Remembering Where You Come From…


With only a few weeks left until graduation, and even with my family reminding me, it still does not feel real that it is happening. This day will be special because I will be the first one to graduate and get a bachelor’s degree from both sides of my family. I have always imagined graduating from college since I entered high school but, I am in disbelieve that eight years have passed by so fast.

I saw it as a huge deal before but I did not find a meaning to it until my senior year of high school when I realized I need to accomplish my goals to have a better life. Growing up in a city where people are used to being comfortable and do not look beyond the city limits can make you feel out of place since you do not think similarly to them. I always felt out of place throughout my years of growing up especially being in Latino households. We bring these customs of our culture here to America and think we should continue because it’s tradition, yet we do not realize that America is a place to better ourselves.

I am not only graduating college for myself but for my family and my cousins who look up to me. I want them to know that being Latina in the business industries is not easy but, it’s also not impossible.

I grew up in a machismo environment and my father did not believe in four-year colleges. The most education we would have received, if he stayed with us, would probably be a degree from a community college and we would have to figure out a way to pay for it ourselves. I am thankful now for how things turned out because my mother has been supportive throughout these years with helping me achieve my goals so far. If it was not for her than I would definitely not be graduating this May with my fellow classmates.

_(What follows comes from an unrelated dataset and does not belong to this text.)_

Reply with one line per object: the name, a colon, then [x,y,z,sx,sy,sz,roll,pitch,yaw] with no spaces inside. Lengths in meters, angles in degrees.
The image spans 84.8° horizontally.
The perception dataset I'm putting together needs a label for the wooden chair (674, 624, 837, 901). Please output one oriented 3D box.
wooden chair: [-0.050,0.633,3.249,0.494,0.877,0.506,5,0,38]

My classmates have shared their stories as well and it’s surprising how much we could all relate one way or another. That is what I love about Mercy College, we get the chance to share our background and the tough situations we had to overcome to be the people who we are today.

Many of the people I graduated high school with will also be graduating this May and I could not be more proud to say that coming from a city of violence and poverty, we have made it this far. Nothing is stopping us from continuing our journey and we are not part of a simple statistic. Yet, we will always remember where we came from because, thanks to these struggles we have faced, we understand the meaning of hard work.

Although this chapter of higher education has come to an end, for now, there is still so much more to accomplish for me. I know Latinos are still lowest rank for higher education but I also know many Latinos who are graduating and pursuing bigger things for themselves. We have struggled for many years from our own families to the political views and reputations we often receive but, it does not define who we are as individuals.